Saved data entries:
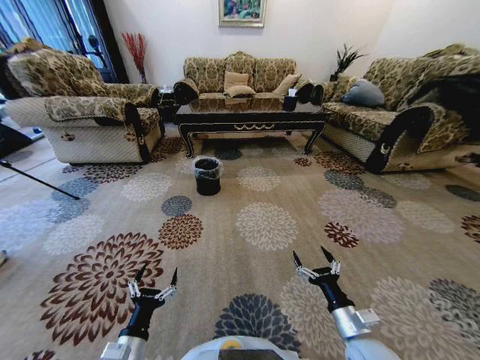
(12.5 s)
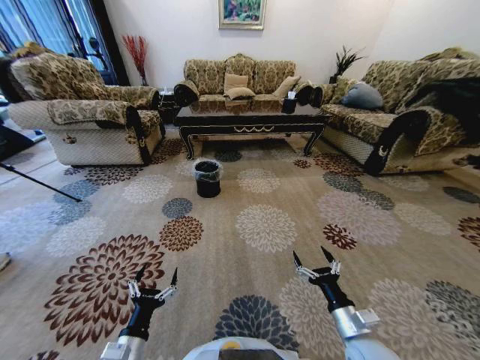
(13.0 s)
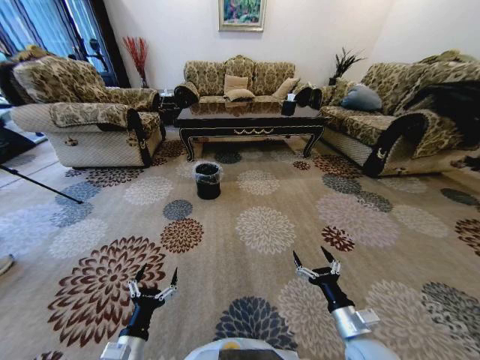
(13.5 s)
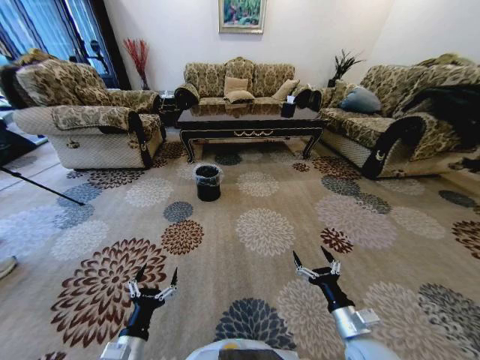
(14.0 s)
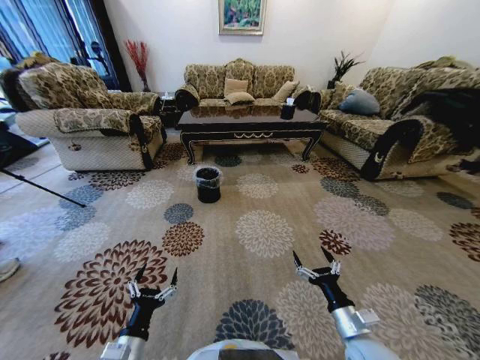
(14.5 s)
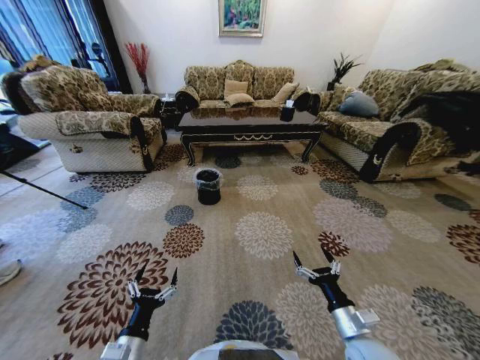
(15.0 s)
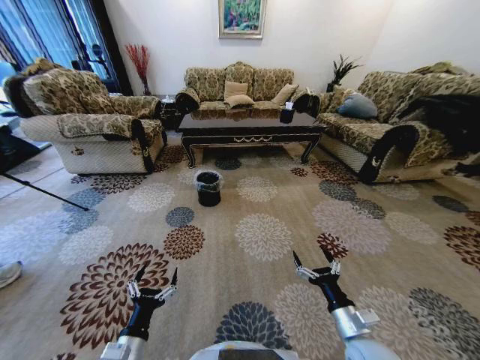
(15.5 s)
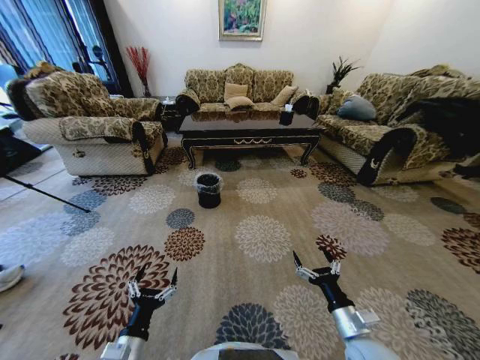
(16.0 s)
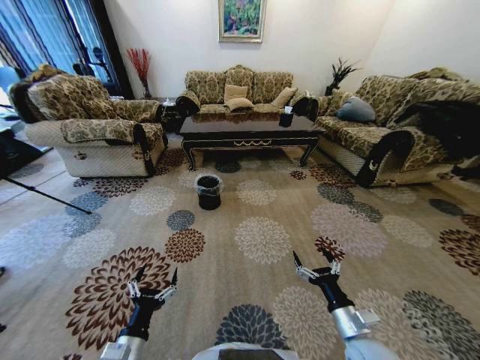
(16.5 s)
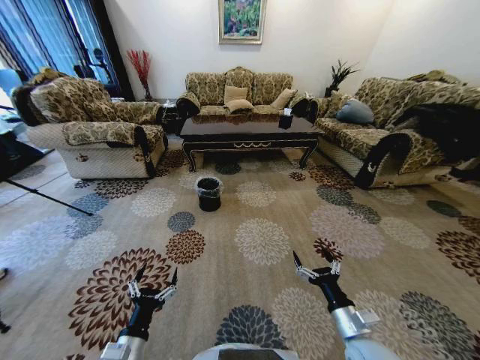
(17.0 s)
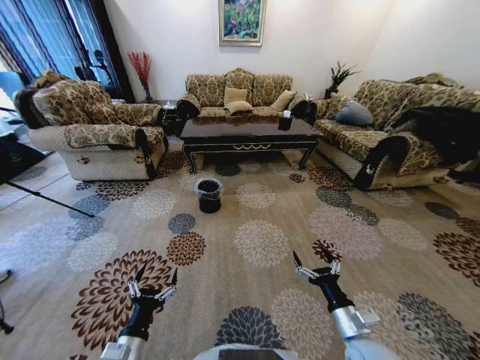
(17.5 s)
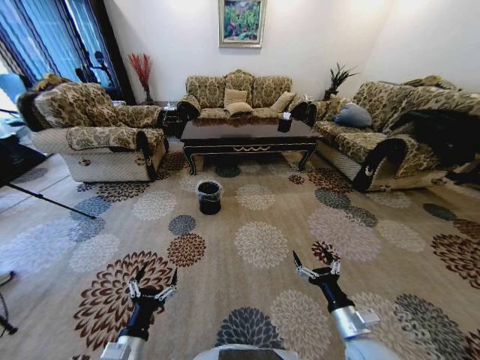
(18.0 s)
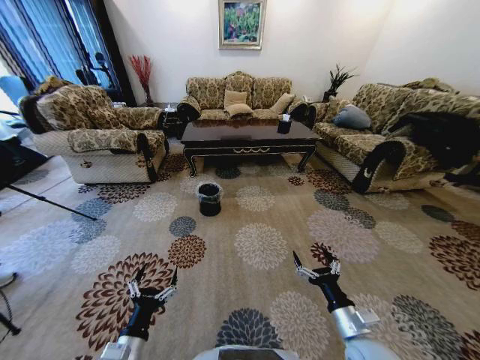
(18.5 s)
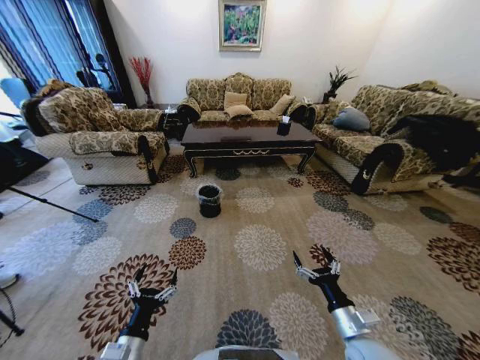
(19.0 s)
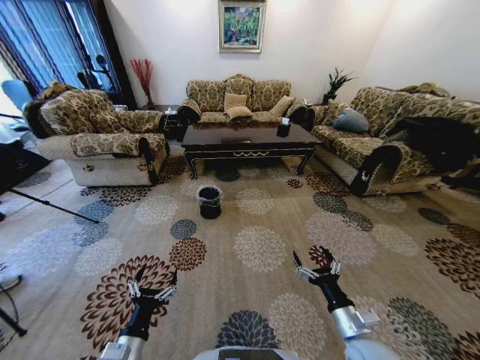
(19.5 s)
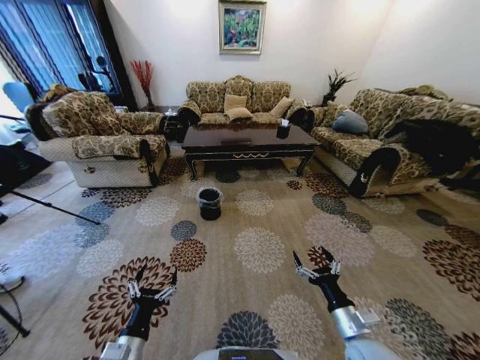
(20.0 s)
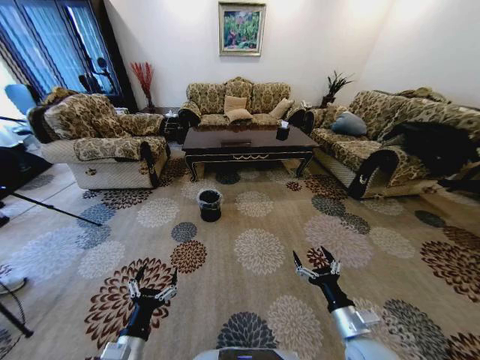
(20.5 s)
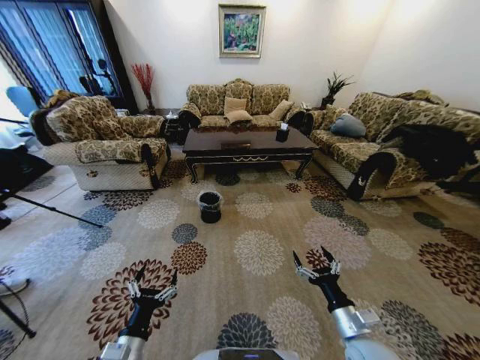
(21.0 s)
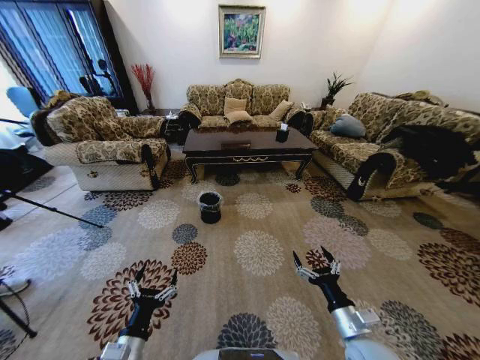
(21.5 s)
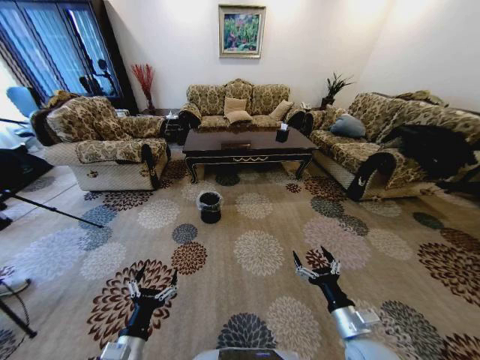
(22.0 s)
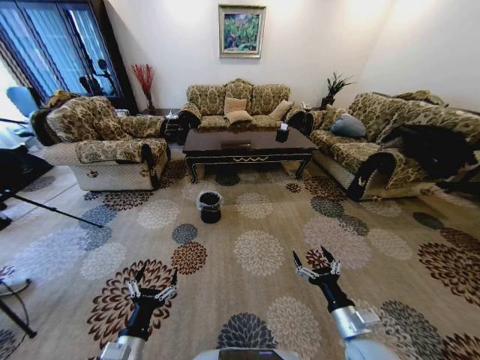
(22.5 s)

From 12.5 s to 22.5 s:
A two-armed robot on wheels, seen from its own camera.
Task of the whole recording: Move to the front of the table and pick up the trash from the floor, then place it into the trash bin.
From 20.5 s to 22.5 s: The two grippers keep their place.

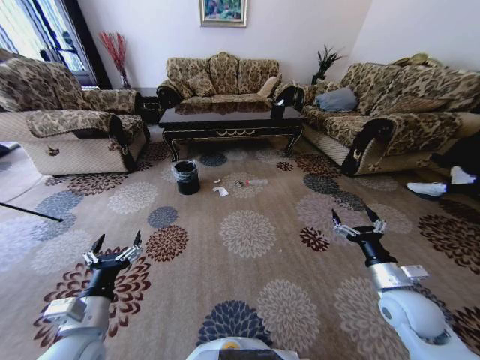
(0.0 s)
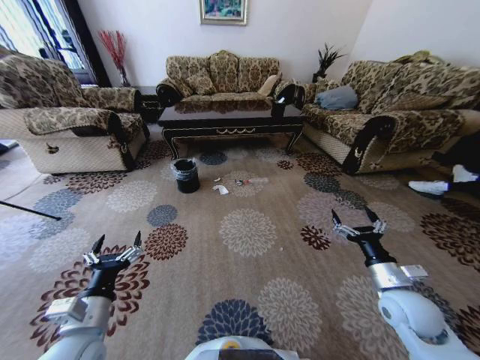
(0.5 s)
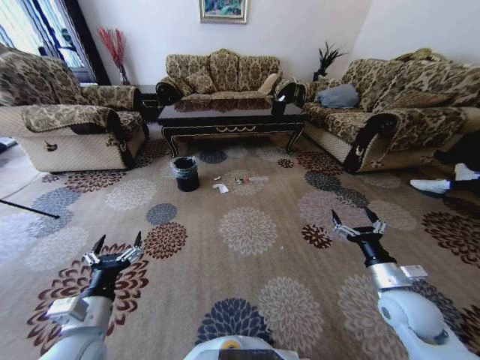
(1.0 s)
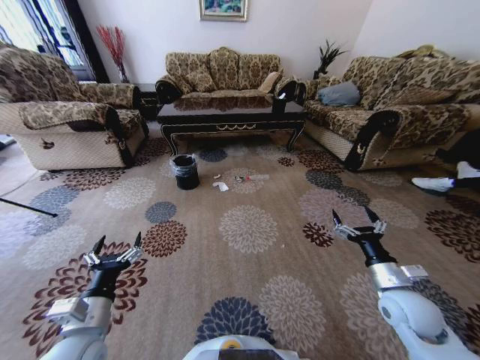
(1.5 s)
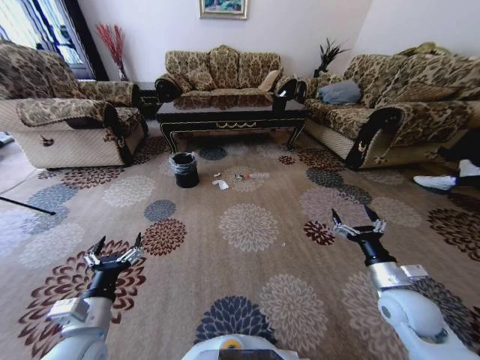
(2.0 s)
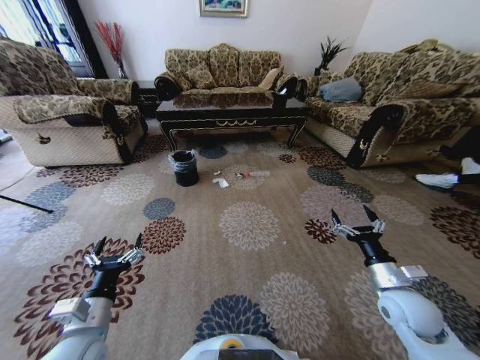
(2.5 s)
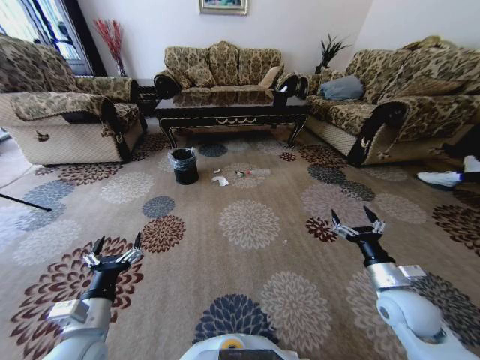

TASK ITEM:
Write out each entry exactly as given, but skip the pictures.

ANSWER FOR THE TASK:
(12.5 s)
(13.0 s)
(13.5 s)
(14.0 s)
(14.5 s)
(15.0 s)
(15.5 s)
(16.0 s)
(16.5 s)
(17.0 s)
(17.5 s)
(18.0 s)
(18.5 s)
(19.0 s)
(19.5 s)
(20.0 s)
(20.5 s)
(21.0 s)
(21.5 s)
(22.0 s)
(22.5 s)

From 12.5 s to 22.5 s:
A two-armed robot on wheels, seen from its own camera.
Task of the whole recording: Move to the front of the table and pick up the trash from the floor, then place it into the trash bin.
From 20.5 s to 22.5 s: The two grippers keep their place.

(0.0 s)
(0.5 s)
(1.0 s)
(1.5 s)
(2.0 s)
(2.5 s)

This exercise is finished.